Should have used a competent contractor for hazardous work.
The UK’s Health & Safety Executive announced on November 16 that a Managing Director of a construction company has received a suspended sentence after an employee suffered severe burns on a construction site in Swynecombe, Oxfordshire in 2018.
Milton Keynes Magistrates Court heard how Managing Director of MWJ Construction Marcin Wojtas failed to take reasonably practicable precautions for the decommissioning of a petrol tank, which resulted in an explosion.
An investigation by the Health and Safety Executive into the incident that occurred in July 2018, found that the injured person and another operative were instructed by Wojtas to use an angle grinder to remove the tank lid to speed up the decommissioning of the tank. While performing this task, the petrol vapours within the tank were ignited and an explosion occurred. The injured person sustained burns to 26 per cent of their body.

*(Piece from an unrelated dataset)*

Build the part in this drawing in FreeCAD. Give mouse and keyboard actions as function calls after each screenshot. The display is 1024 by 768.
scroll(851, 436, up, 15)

The investigation also found that Wojtas had been informed by an officer from the Petroleum Enforcing Authority that the work to decommission the fuel tank was a specialised operation and needed to be completed by a competent contractor. Neither operative had any of the training, experience or knowledge required to make them competent.

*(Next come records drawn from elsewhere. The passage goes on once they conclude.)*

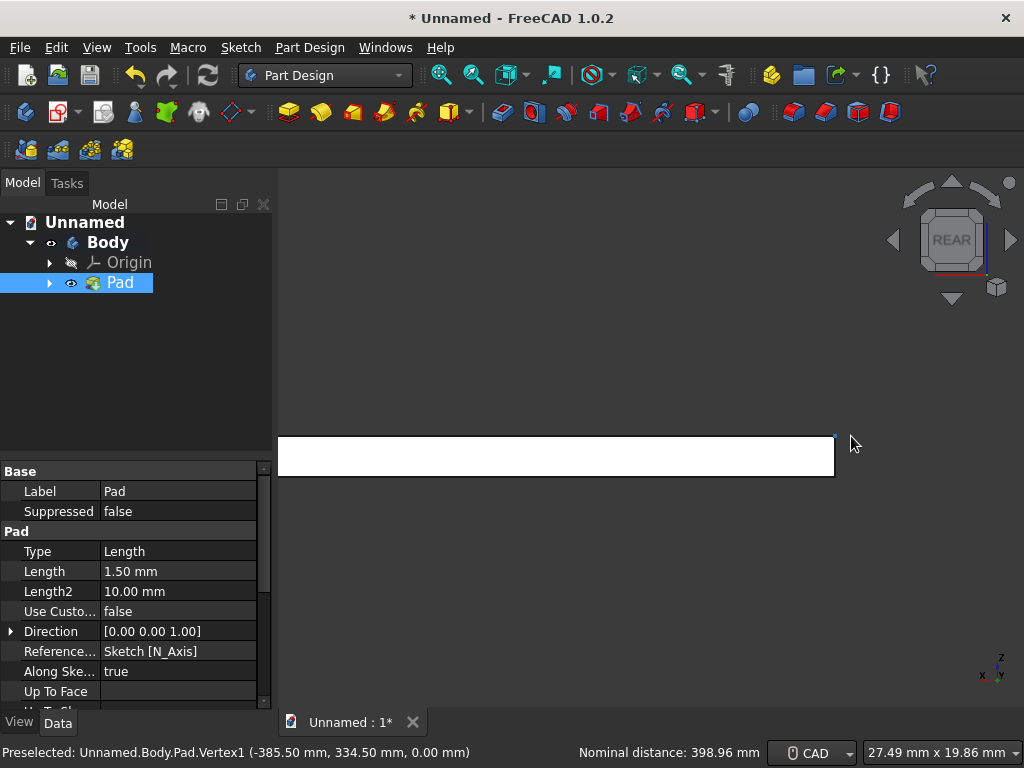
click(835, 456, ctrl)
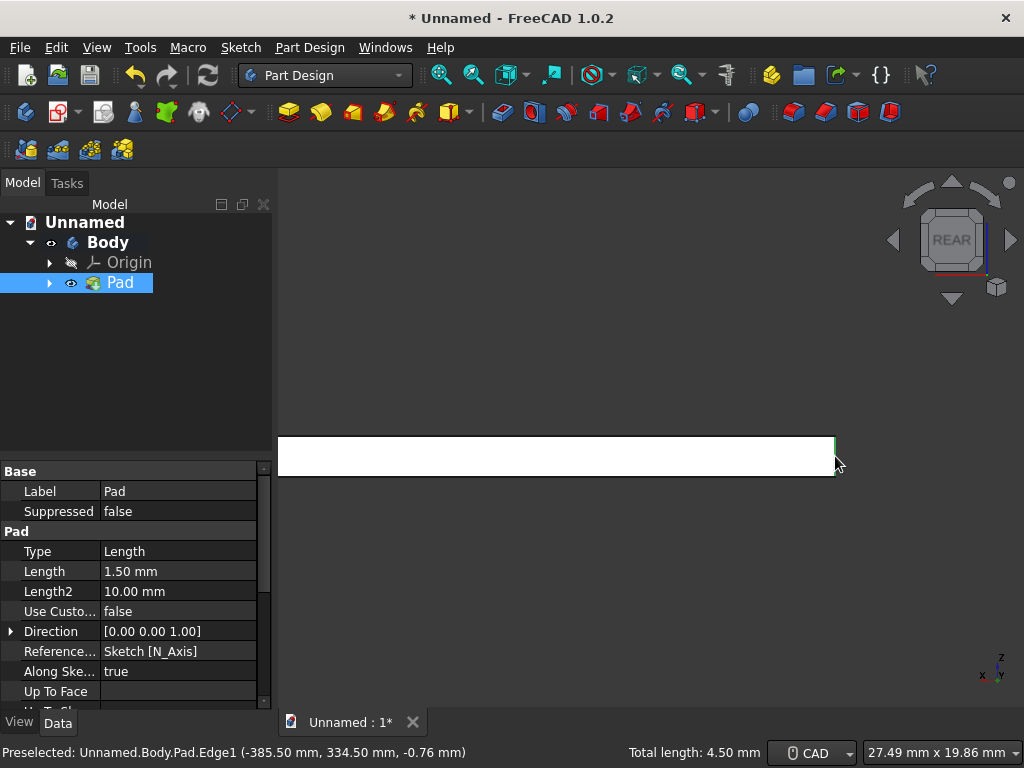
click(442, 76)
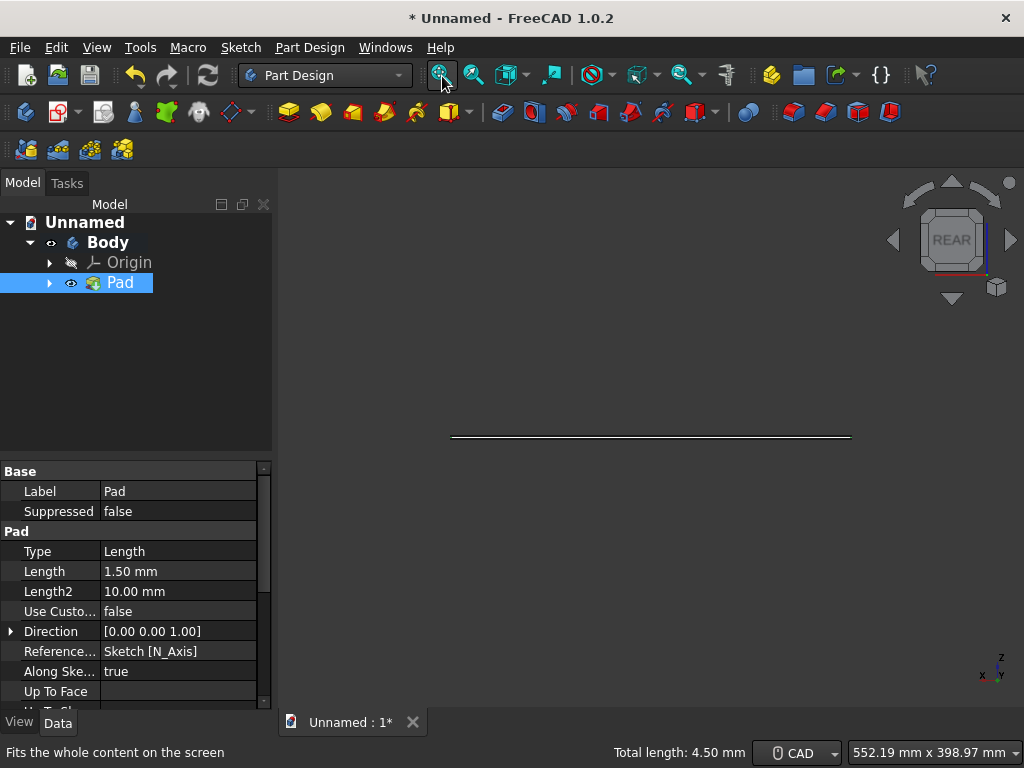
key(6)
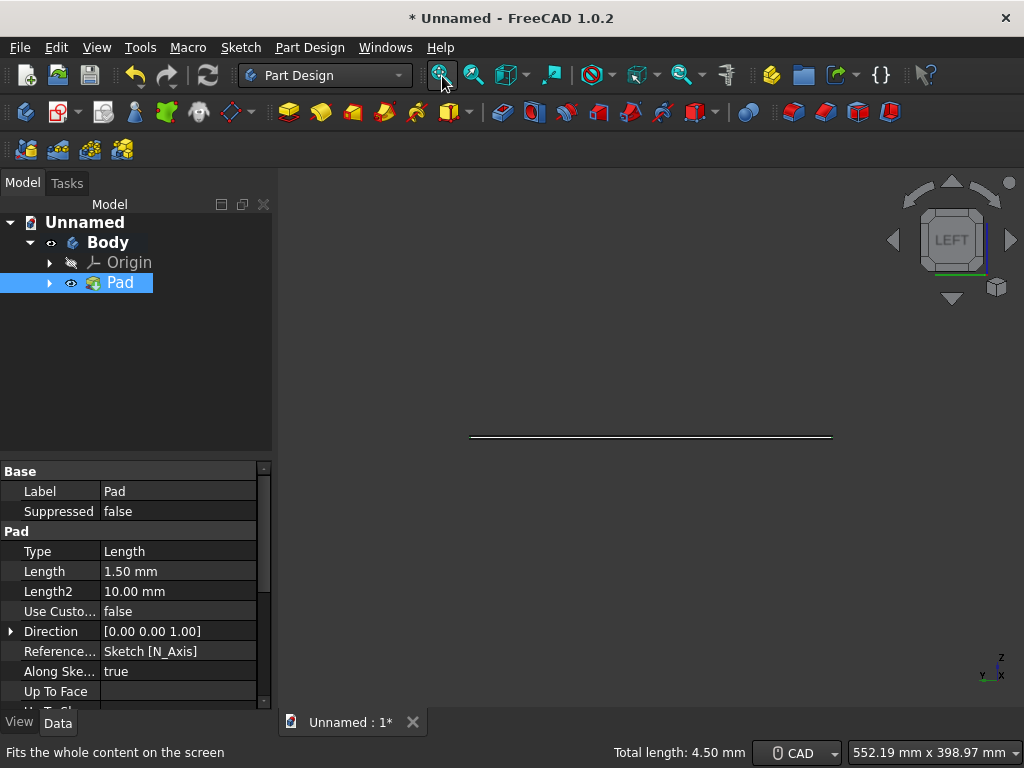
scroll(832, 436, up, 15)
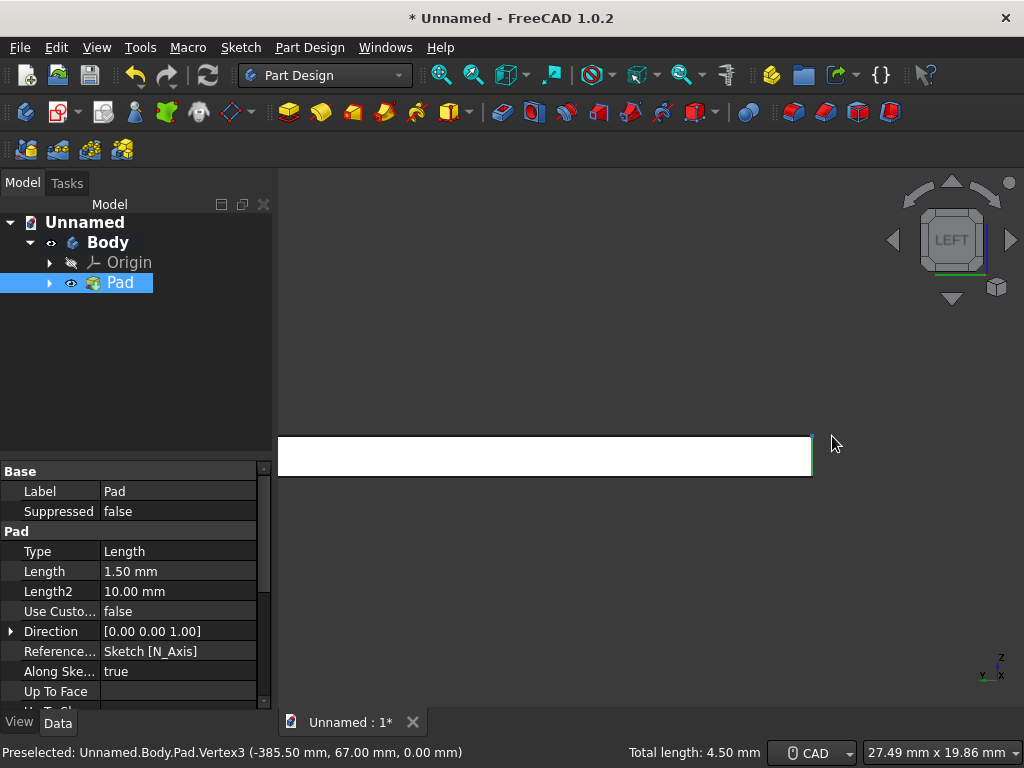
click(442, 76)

Wojtas pleaded guilty to breaching the Health and Safety at Work Act 1974 and was given a six month suspended sentence and ordered to pay total costs of £8,455.48.

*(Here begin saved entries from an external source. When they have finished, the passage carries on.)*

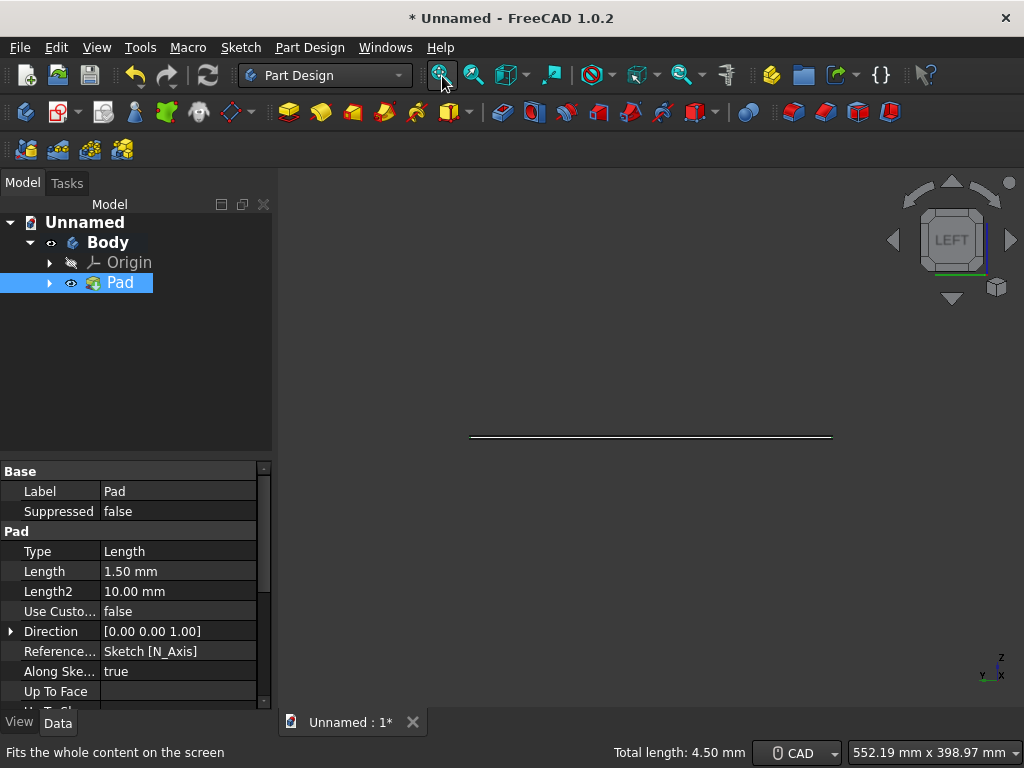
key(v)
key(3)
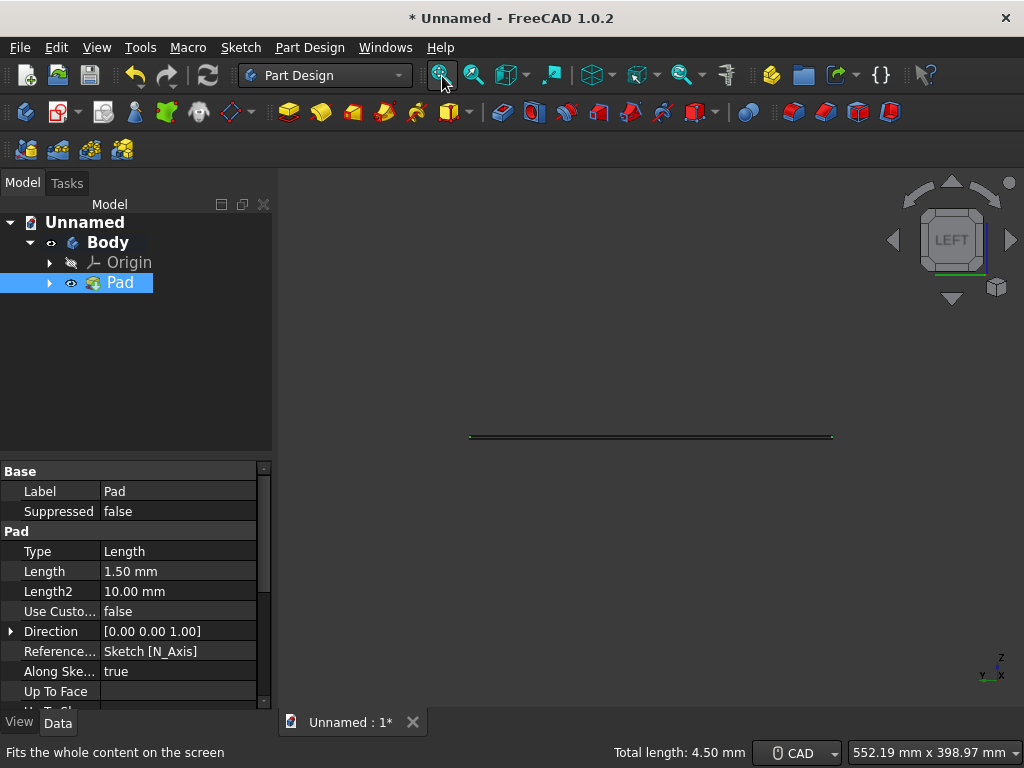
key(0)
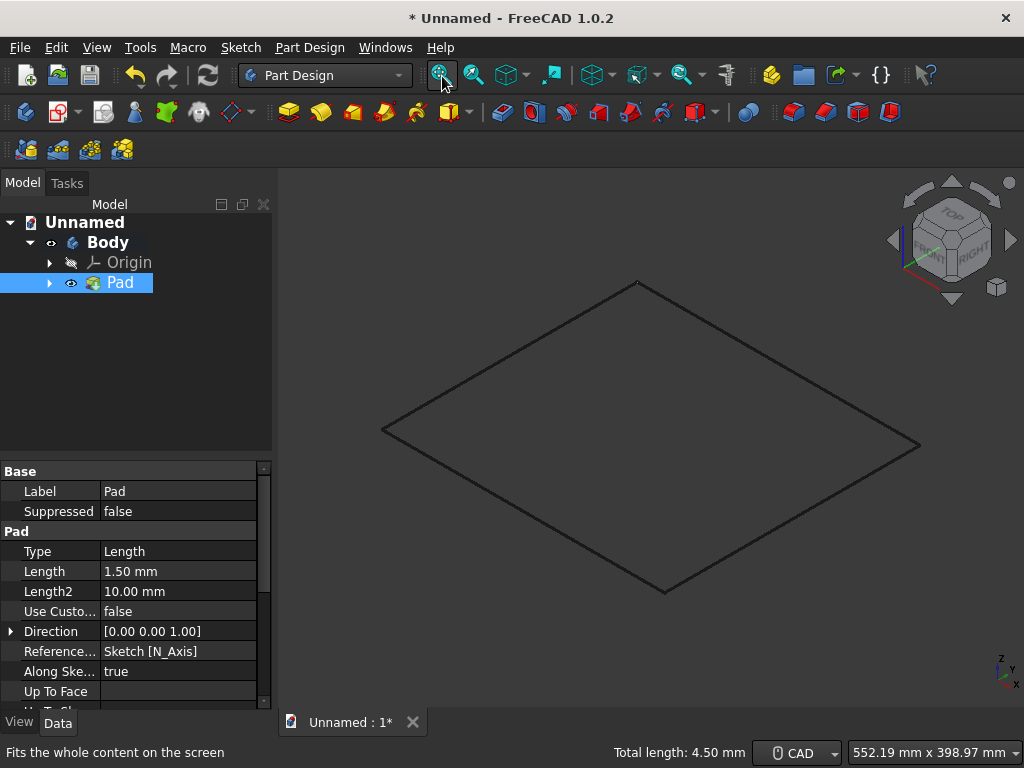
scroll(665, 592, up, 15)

Speaking after the hearing, HSE inspector David Tonge said: “The accident could have been prevented if the work was appropriately planned through an adequate risk assessment. Had this been the case, competent operatives would have conducted the work, the tank would have had its hazardous contents (petrol vapour and petrol) removed safely and equipment appropriate to use around an explosive atmosphere would have been used.”